Stan my man, when your in a relationship with a woman who sits on a fence, torn between yourself or her married lover the best advice I can give is to shove her the hell off that fence. You need to take immediate steps to ensure that your own emotional health is protected. The first being to remove yourself from this drama ASAP. She is living in a fantasy world with this OM. Its all roses and unicorns in fantasyland. She needs to be smacked upside the head with some reality my man. Tell her to go to OM, that he can have her. Do you really think this guy wants her ? Sure he wants all the NSA sex he is getting. But I'll bet a weeks pay that all he wants. You need to make this A difficult for them. And the way you do that is to expose the truth about what they are doing. Inform this guys W as to what you have found. I'm sure their boss would love to know about the drugs and booze. I understand that you love her and your afraid of losing her. But the sad fact is that you have already lost her. She is screwing another guy, making you a distant second on her list of priorities.
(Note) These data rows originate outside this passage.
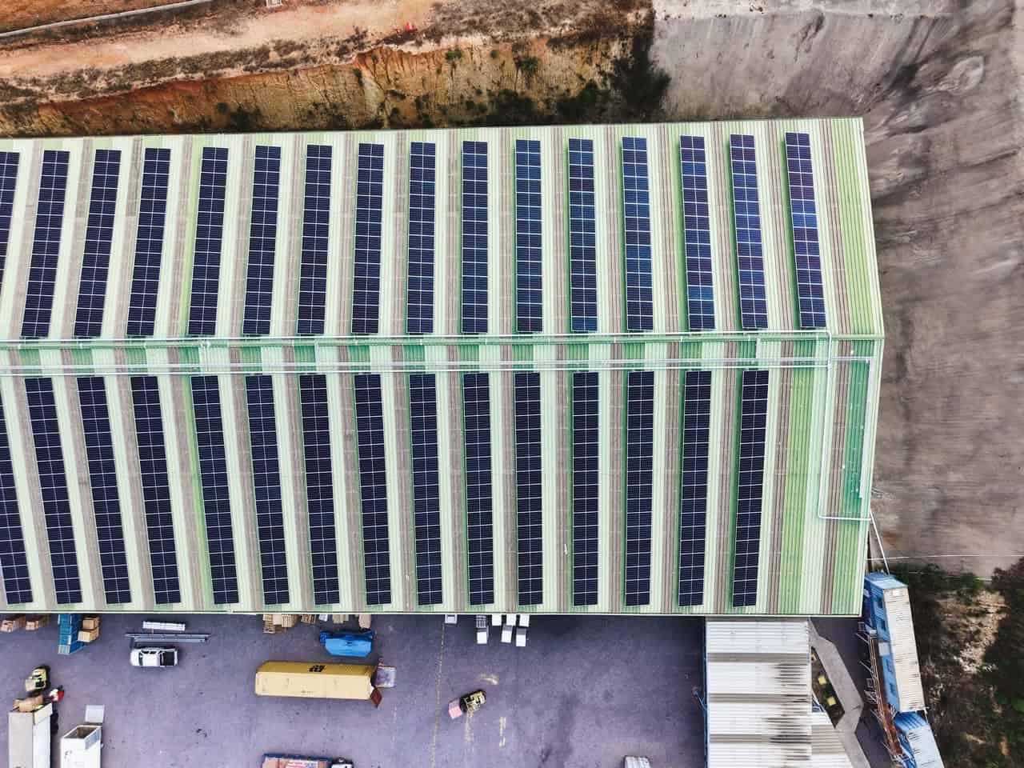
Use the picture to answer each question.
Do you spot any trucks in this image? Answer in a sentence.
Yes, there's a truck down there.
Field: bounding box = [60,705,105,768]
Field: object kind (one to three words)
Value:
truck
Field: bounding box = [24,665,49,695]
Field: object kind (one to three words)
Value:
work vehicle
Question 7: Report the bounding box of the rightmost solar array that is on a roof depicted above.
[784,133,827,330]
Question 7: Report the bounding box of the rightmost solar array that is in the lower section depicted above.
[731,369,770,606]
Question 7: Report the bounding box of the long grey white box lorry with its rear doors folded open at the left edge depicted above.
[8,700,61,768]
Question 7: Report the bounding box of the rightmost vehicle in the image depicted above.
[459,691,486,719]

She has no remorse for destroying your life and cant even decide what she wants to do. Pick your balls up off the floor and fight back my man. The longer you allow her to dictate policy here, the longer your misery will be. she has been lying to you for a long time. When she could no longer lie her way out of it she gives you the old I'm confused bullshit. All that does is give her a free pass to keep screwing her AP while she drops a few crumbs your way just in case she wants to run back to you when her A implodes. Those crumbs are just enough to make you think she will snap out of this insanity. But in all honesty unless you take action she will keep doing what she is doing. The choice is all yours bro. You can continue to sit there and be made a fool of, or you can man up and do what needs to be done. Action begets action, while inaction gets you nowhere. Hang in there brother, I've been in your shoes and it sucks. But unless you do something to stop this it will never end. I wish you strength and peace. BTW, read up on the 180 in the healing library. I think it will help you.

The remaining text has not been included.